How About a Mother-Friendly Breastfeeding Initiative?

It's time for safe, accurate, respectful breastfeeding policies.

Posted Mar 22, 2016

Source: FamVeld/iStock

The Baby Friendly Hospital Initiative (BFHI) is an effort to promote breastfeeding among new mothers. Hospitals can apply for Baby Friendly certification and receive it if they institute policies to educate women about the benefits of breastfeeding, make infant formula difficult to obtain within the hospital, promote continuous rooming-in of babies and abolish gifts of free formula samples.

Unfortunately, there is nothing friendly about efforts to promote breastfeeding while ignoring the individual needs of mothers and babies. There’s nothing friendly about hectoring new mothers or pressuring them into a specific intimate personal decision.

In my view, it’s time for a Mother-friendly breastfeeding initiative.

What would a mother friendly breastfeeding initiative look like? It would start with some basic truths about breastfeeding and mothering:

1. While breastfeeding has real benefits, in countries with clean water the benefits for full term babies are small, limited to a few less colds and episodes of diarrheal illness across the entire population of infants. Understanding and acknowledging this scientific reality is the first step to a safe, sane, respectful breastfeeding policy.

2. The obvious corollary to #1 is this: once a woman has been given accurate information about the benefits of breastfeeding, it does not matter what choice she makes, and therefore hospitals should not be devoting copious resources to promoting exclusive breastfeeding. Those resources would be much better spent on healthcare.

3. Formula is an excellent source of nutrition for babies. There is nothing wrong with it, and no mother should be made to feel guilty for feeding formula to her child, regardless of the reason for choosing it.

4. Breasts are part of a woman’s body. No one has the right to tell women how they should use their breasts.

5. I don’t know of a single endeavor where humiliation produces positive results. It’s time for lactation consultants to acknowledge that and stop the hectoring treatment being offered in hospitals.

6. In my judgment, boosting fragile maternal confidence is an important task of anyone who cares for women and babies. Setting arbitrary standards, ignoring women’s own needs, and pretending that every woman can breastfeed successfully are sure-fire ways to undermine self-confidence, not build it.

7. Don't treat new mothers as if they are uneducated. Every women knows that “breast is best.” If a woman decides to formula feed, it does not mean that she doesn’t understand the benefits of breastfeeding.

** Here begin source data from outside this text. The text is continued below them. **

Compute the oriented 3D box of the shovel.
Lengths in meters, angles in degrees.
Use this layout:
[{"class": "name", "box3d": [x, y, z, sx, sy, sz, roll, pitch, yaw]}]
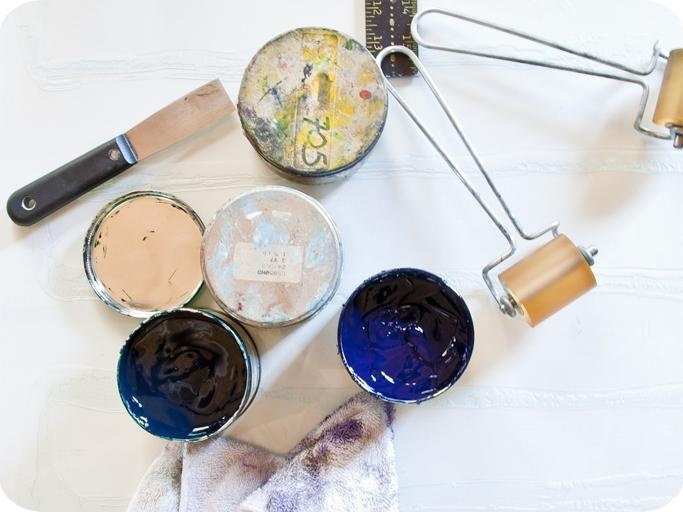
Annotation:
[{"class": "shovel", "box3d": [-0.545, -0.257, 1.695, 0.544, 0.066, 0.121, -37, 81, 4]}]
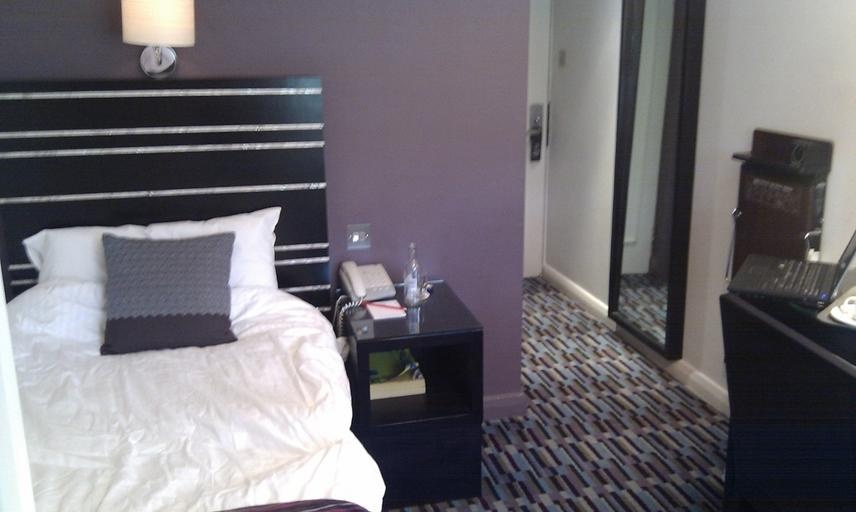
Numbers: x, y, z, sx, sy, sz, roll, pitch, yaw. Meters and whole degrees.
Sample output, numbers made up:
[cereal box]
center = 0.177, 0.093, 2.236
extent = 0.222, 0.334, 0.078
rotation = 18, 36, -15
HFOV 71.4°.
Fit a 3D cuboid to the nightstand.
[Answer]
[nightstand]
center = -0.057, 0.782, 3.341
extent = 0.735, 0.997, 0.604
rotation = -7, 19, -7
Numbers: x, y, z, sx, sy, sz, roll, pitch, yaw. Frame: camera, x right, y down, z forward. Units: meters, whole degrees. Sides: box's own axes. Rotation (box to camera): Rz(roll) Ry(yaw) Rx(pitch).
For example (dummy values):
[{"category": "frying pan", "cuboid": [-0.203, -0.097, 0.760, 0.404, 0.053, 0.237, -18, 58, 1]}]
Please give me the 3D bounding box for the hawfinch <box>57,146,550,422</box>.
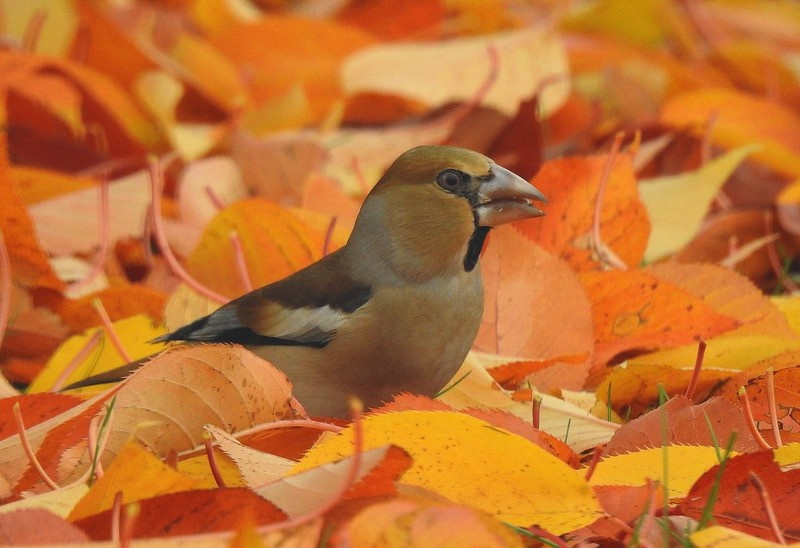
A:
[{"category": "hawfinch", "cuboid": [-0.133, 0.074, 2.164, 1.002, 0.331, 0.588, 1, 101, 33]}]
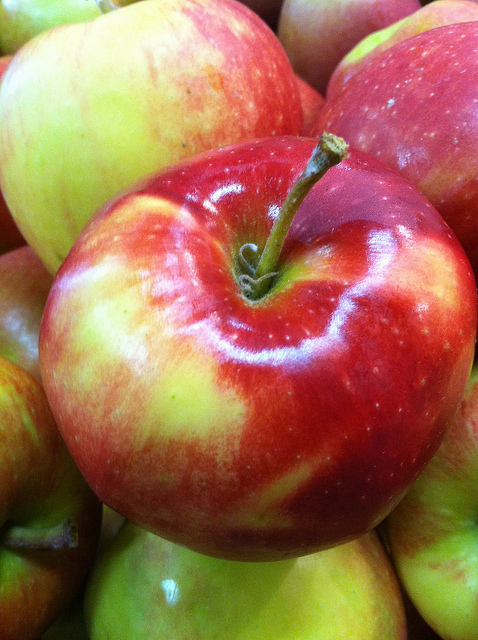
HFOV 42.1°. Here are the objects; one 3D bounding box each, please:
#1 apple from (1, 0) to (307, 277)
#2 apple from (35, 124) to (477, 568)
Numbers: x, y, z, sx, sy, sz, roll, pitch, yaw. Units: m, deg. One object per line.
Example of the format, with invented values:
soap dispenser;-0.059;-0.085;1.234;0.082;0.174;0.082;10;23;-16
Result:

8. Breastmilk does not have magical properties. Its ability to prevent  illness is small and easily outstripped by vaccination. It does not increase intelligence; it does not prevent obesity; and it does not confer health on its recipients.

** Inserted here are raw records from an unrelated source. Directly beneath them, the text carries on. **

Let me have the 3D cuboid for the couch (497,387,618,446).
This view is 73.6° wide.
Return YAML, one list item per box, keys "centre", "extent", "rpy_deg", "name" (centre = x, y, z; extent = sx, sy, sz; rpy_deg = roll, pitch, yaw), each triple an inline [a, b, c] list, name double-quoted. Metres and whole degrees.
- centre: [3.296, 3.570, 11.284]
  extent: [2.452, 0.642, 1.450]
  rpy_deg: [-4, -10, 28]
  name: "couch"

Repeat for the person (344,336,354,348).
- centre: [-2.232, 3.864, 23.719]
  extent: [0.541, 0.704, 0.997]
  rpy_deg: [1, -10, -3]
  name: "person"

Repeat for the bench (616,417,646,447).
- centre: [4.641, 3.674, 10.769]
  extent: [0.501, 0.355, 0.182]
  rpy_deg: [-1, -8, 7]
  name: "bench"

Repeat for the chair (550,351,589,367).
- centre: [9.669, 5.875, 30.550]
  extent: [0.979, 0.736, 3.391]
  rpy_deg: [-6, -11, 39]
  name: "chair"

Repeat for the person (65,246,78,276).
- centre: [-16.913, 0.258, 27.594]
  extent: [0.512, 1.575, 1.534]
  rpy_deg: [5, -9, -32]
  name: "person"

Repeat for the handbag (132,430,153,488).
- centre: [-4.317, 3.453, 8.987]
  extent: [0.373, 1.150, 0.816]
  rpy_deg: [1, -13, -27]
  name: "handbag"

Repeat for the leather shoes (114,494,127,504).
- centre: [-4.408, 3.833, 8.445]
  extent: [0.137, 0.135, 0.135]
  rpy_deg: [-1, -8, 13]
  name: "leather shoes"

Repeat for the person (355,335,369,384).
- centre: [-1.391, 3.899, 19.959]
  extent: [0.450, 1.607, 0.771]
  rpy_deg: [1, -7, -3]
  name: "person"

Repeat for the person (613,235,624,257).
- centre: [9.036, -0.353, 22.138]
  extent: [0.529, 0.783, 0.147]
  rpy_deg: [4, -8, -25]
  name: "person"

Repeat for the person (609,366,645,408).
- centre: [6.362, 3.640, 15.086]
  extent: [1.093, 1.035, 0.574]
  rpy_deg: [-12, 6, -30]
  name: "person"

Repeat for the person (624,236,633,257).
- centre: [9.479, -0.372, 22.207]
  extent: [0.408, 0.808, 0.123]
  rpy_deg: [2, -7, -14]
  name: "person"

9. No one has ever demonstrated any benefit to donor breastmilk instead of formula for full term babies.

10. The risk of potentially contaminated donor breastmilk from unregulated arrangements far outstrips any theoretical benefits.

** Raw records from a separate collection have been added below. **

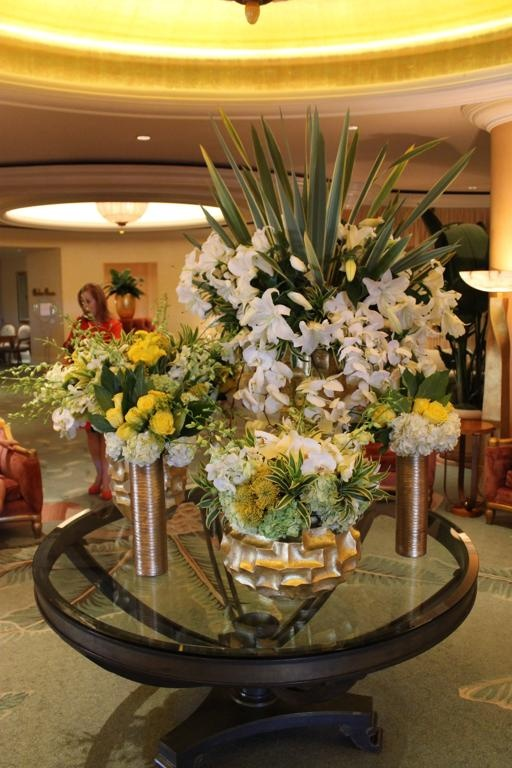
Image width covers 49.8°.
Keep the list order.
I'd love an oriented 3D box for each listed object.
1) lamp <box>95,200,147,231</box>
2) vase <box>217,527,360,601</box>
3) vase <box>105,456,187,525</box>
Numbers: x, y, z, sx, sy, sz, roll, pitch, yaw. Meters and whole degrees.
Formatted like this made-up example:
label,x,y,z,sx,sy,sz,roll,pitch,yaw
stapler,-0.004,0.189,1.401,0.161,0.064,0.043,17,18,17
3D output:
label,x,y,z,sx,sy,sz,roll,pitch,yaw
lamp,-2.152,-2.698,8.877,0.762,0.479,0.744,-2,4,-10
vase,0.068,0.293,0.918,0.249,0.130,0.123,0,3,-5
vase,-0.235,0.218,1.244,0.154,0.152,0.153,0,3,7
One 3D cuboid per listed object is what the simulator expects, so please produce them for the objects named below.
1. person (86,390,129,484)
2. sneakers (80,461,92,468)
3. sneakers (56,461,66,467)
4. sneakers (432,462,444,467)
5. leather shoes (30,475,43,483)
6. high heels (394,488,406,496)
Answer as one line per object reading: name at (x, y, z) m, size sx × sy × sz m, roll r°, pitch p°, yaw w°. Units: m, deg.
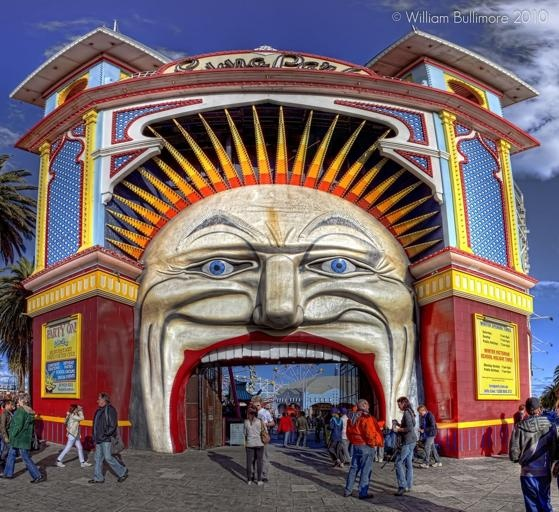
person at (-3.507, 4.064, 12.505) m, size 0.628 × 2.189 × 0.827 m, roll -7°, pitch 7°, yaw -17°
sneakers at (-4.679, 5.402, 14.991) m, size 0.280 × 0.113 × 0.095 m, roll 1°, pitch -3°, yaw -9°
sneakers at (-5.288, 5.356, 14.907) m, size 0.277 × 0.114 × 0.106 m, roll 12°, pitch -8°, yaw 13°
sneakers at (4.327, 6.020, 16.664) m, size 0.107 × 0.124 × 0.310 m, roll 14°, pitch -14°, yaw -42°
leather shoes at (-4.958, 4.925, 12.736) m, size 0.126 × 0.136 × 0.345 m, roll -11°, pitch -23°, yaw 25°
high heels at (2.354, 4.983, 12.182) m, size 0.326 × 0.130 × 0.120 m, roll -14°, pitch -21°, yaw 30°
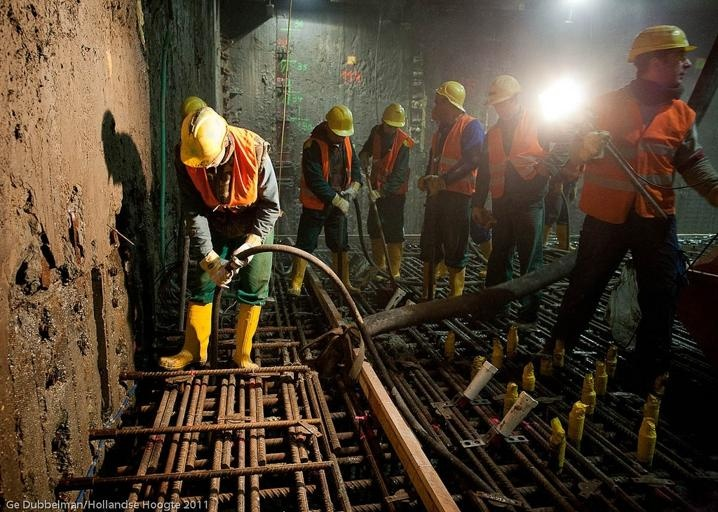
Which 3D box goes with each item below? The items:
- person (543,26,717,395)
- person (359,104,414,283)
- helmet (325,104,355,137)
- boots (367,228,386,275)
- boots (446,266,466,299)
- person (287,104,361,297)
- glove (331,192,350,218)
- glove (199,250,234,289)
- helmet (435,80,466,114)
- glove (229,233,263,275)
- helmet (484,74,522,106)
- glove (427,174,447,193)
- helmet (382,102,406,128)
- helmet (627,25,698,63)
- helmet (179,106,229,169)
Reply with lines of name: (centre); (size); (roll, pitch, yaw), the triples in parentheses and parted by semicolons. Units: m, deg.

Why is it critically important to make our breastfeeding initiatives mother friendly?

We have made great strides in understanding the devastating impact of postpartum depression, yet we seem to ignore those insights when trying to promote breastfeeding. Adequate sleep, lots of help and feelings of competence can help prevent and treat postpartum depression. Why then do we act as if breastfeeding is more important than these factors so critical for women’s mental health?

It’s time for safe, sane and respectful breastfeeding policies.